■ **Work item**:
Word for word, restate the records from their first line through the line with "text De activiteit", both ends included; omit each picture.

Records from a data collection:
------------------------------------

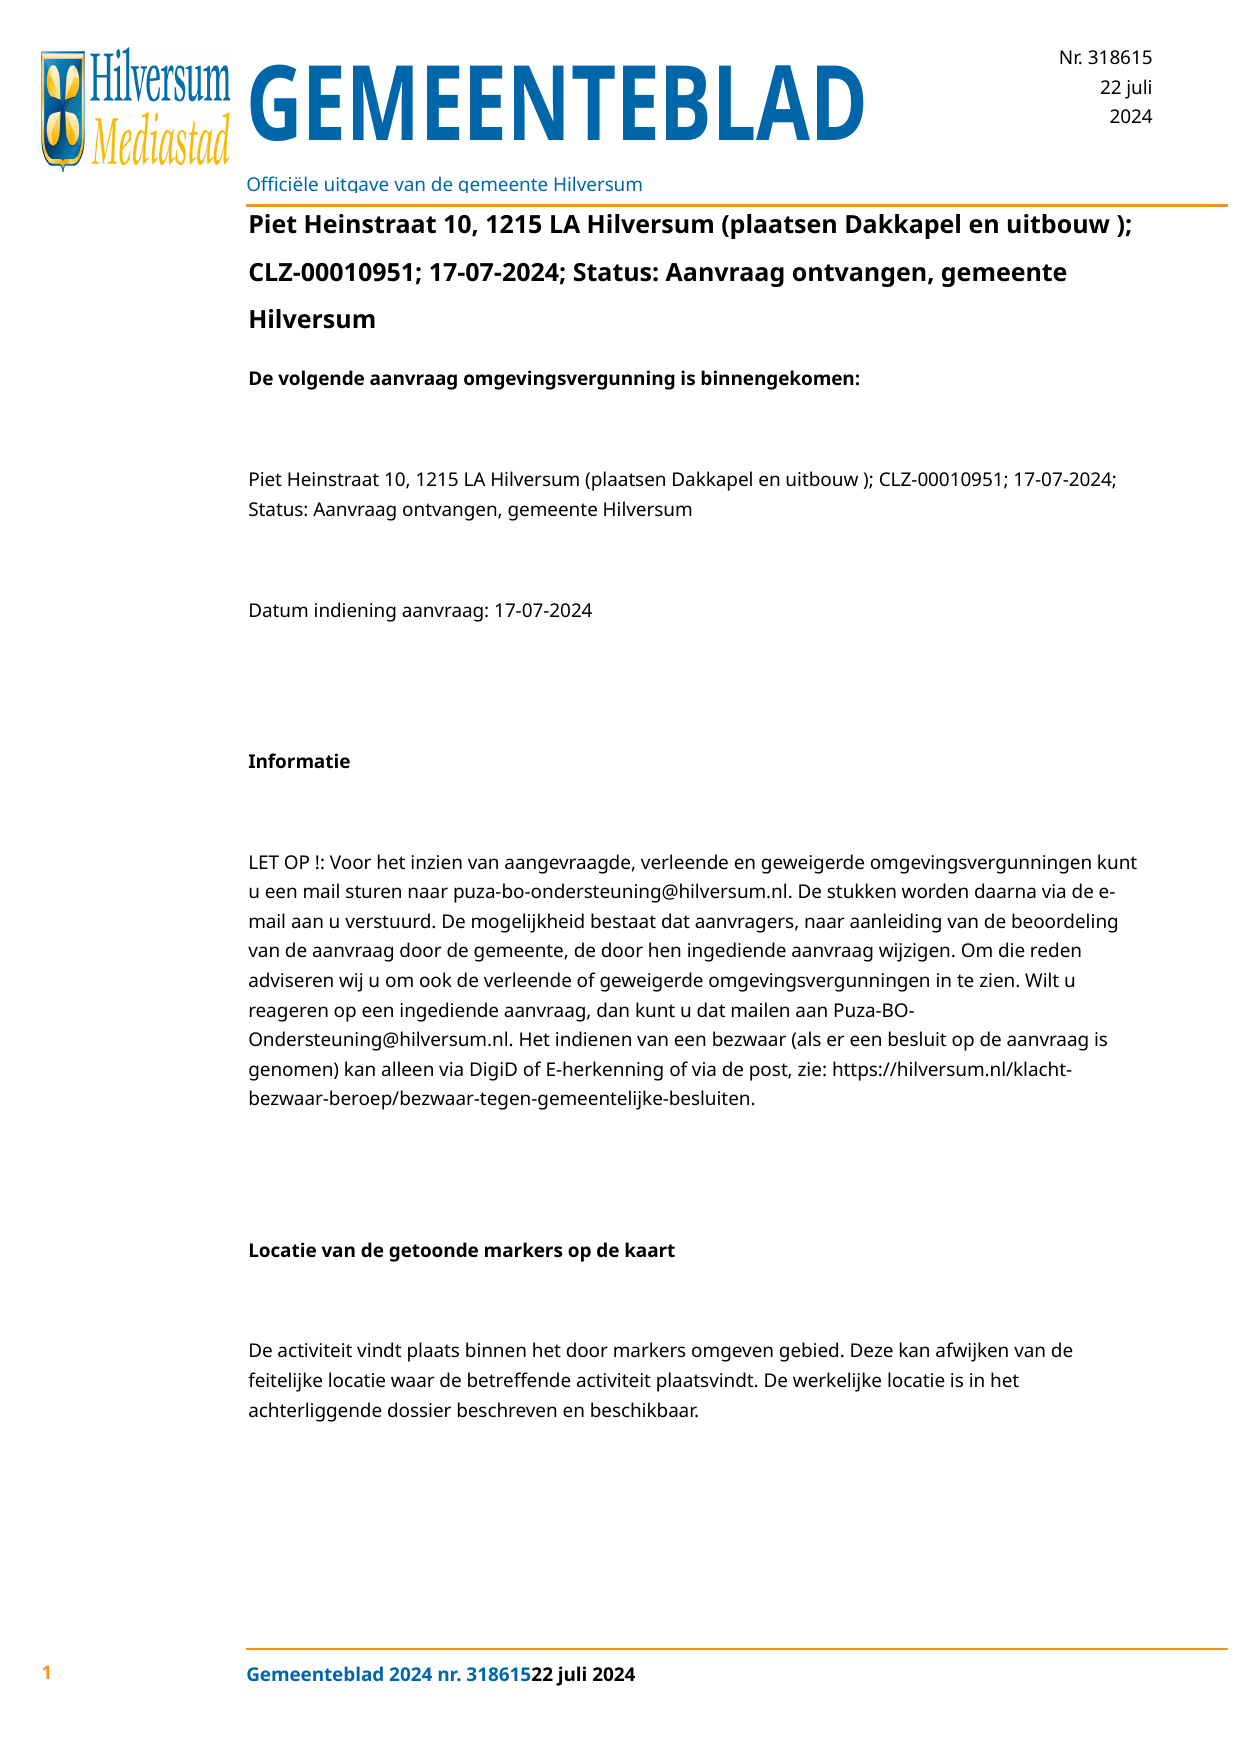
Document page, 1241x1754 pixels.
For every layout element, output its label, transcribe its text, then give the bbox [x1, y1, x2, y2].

picture [41, 47, 231, 172]
text Informatie [248, 748, 1152, 774]
text Locatie van de getoonde markers op de kaart [248, 1237, 1152, 1262]
text Piet Heinstraat 10, 1215 LA Hilversum (plaatsen Dakkapel en uitbouw ); CLZ-00010951; 17-07-2024; Status: Aanvraag ontvangen, gemeente Hilversum [248, 466, 1152, 522]
text De activiteit vindt plaats binnen het door markers omgeven gebied. Deze kan afwijken van de feitelijke locatie waar de betreffende activiteit plaatsvindt. De werkelijke locatie is in het achterliggende dossier beschreven en beschikbaar. [248, 1338, 1152, 1422]
text Piet Heinstraat 10, 1215 LA Hilversum (plaatsen Dakkapel en uitbouw ); CLZ-00010951; 17-07-2024; Status: Aanvraag ontvangen, gemeente Hilversum [248, 207, 1152, 336]
text Datum indiening aanvraag: 17-07-2024 [248, 597, 1152, 622]
text LET OP !: Voor het inzien van aangevraagde, verleende en geweigerde omgevingsvergunningen kunt u een mail sturen naar puza-bo-ondersteuning@hilversum.nl. De stukken worden daarna via de e-mail aan u verstuurd. De mogelijkheid bestaat dat aanvragers, naar aanleiding van de beoordeling van de aanvraag door de gemeente, de door hen ingediende aanvraag wijzigen. Om die reden adviseren wij u om ook de verleende of geweigerde omgevingsvergunningen in te zien. Wilt u reageren op een ingediende aanvraag, dan kunt u dat mailen aan Puza-BO-Ondersteuning@hilversum.nl. Het indienen van een bezwaar (als er een besluit op de aanvraag is genomen) kan alleen via DigiD of E-herkenning of via de post, zie: https://hilversum.nl/klacht-bezwaar-beroep/bezwaar-tegen-gemeentelijke-besluiten. [248, 849, 1152, 1111]
text De volgende aanvraag omgevingsvergunning is binnengekomen: [248, 366, 1152, 391]
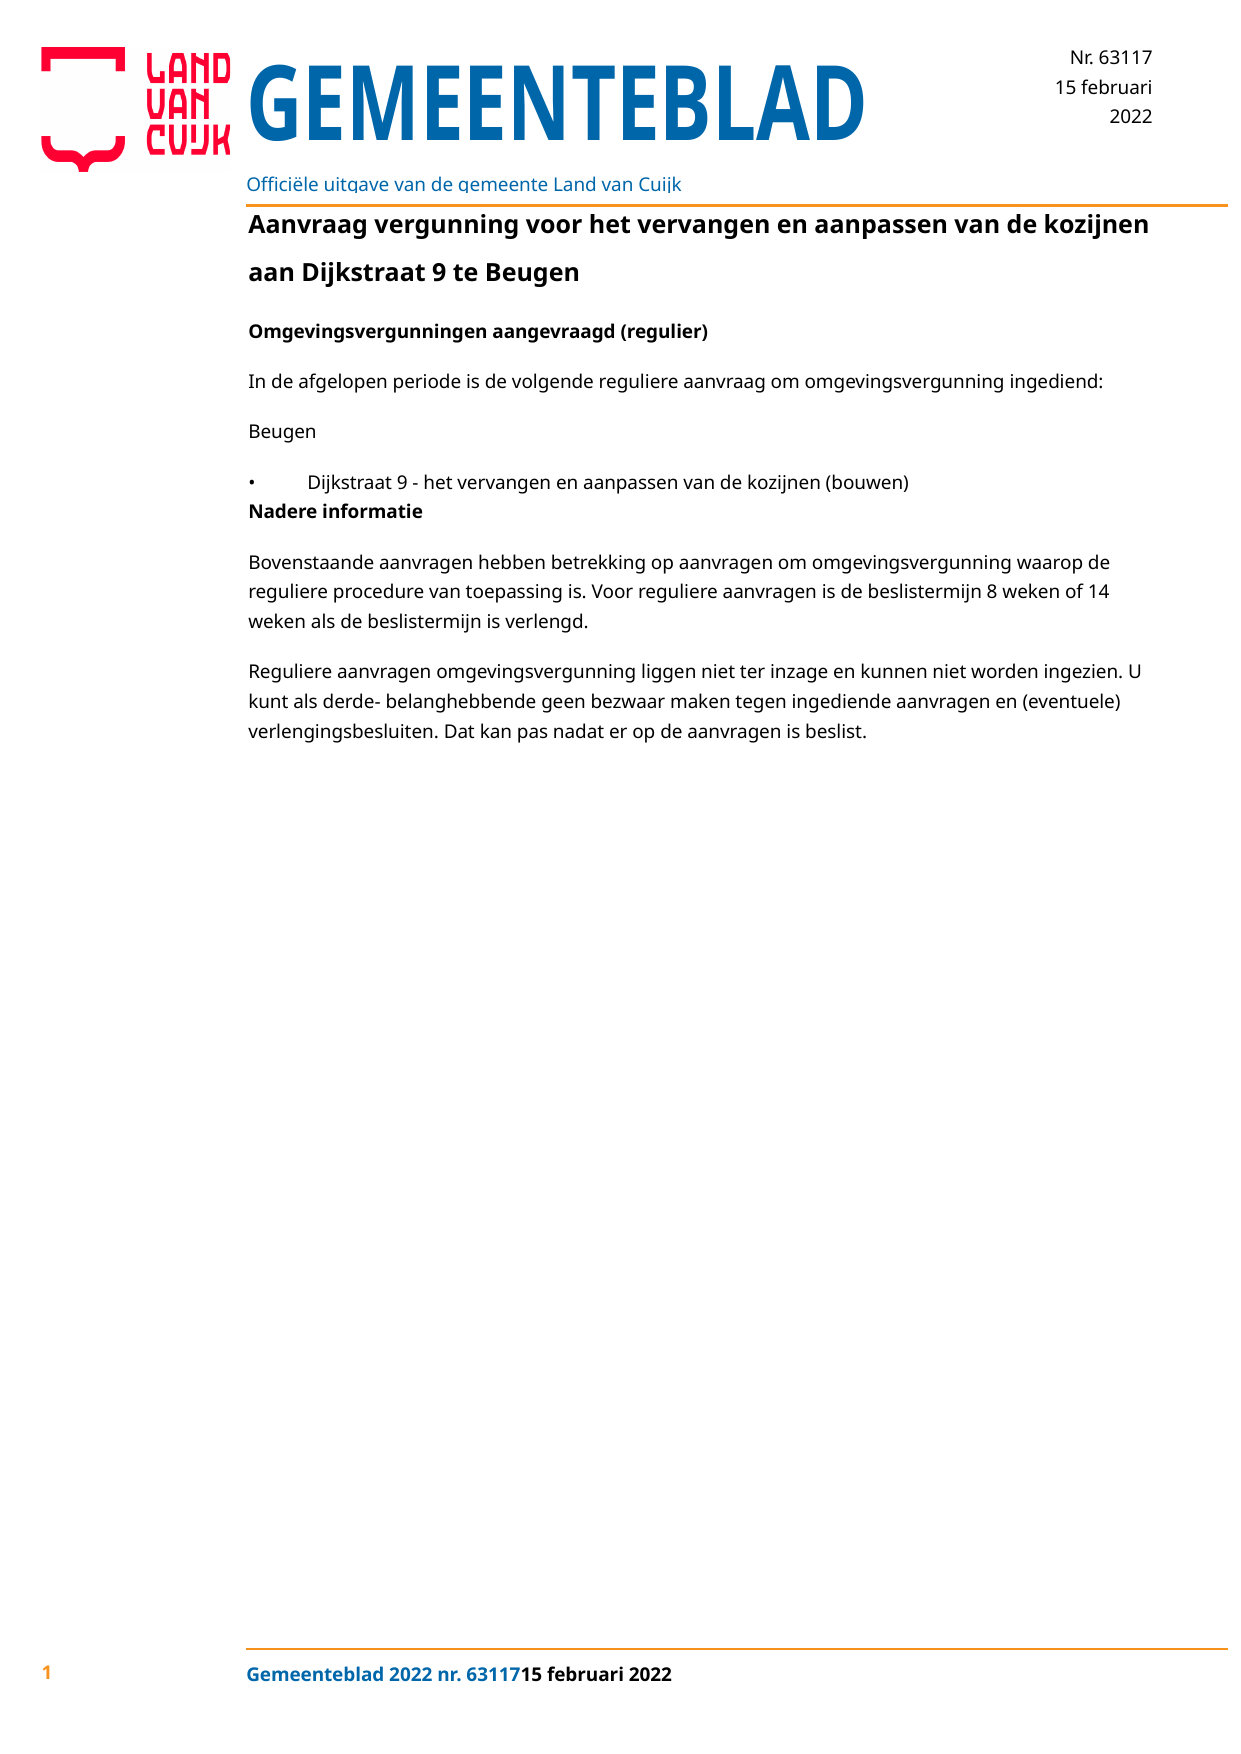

------------------------------------

■ **Response**:
Document page, 1241x1754 pixels.
For every layout element, output its label, transcribe its text, then give the bbox [x1, y1, x2, y2].

picture [41, 47, 231, 172]
text Informatie [248, 748, 1152, 774]
text Locatie van de getoonde markers op de kaart [248, 1237, 1152, 1262]
text Piet Heinstraat 10, 1215 LA Hilversum (plaatsen Dakkapel en uitbouw ); CLZ-00010951; 17-07-2024; Status: Aanvraag ontvangen, gemeente Hilversum [248, 466, 1152, 522]
text De activiteit vindt plaats binnen het door markers omgeven gebied. Deze kan afwijken van de feitelijke locatie waar de betreffende activiteit plaatsvindt. De werkelijke locatie is in het achterliggende dossier beschreven en beschikbaar. [248, 1338, 1152, 1422]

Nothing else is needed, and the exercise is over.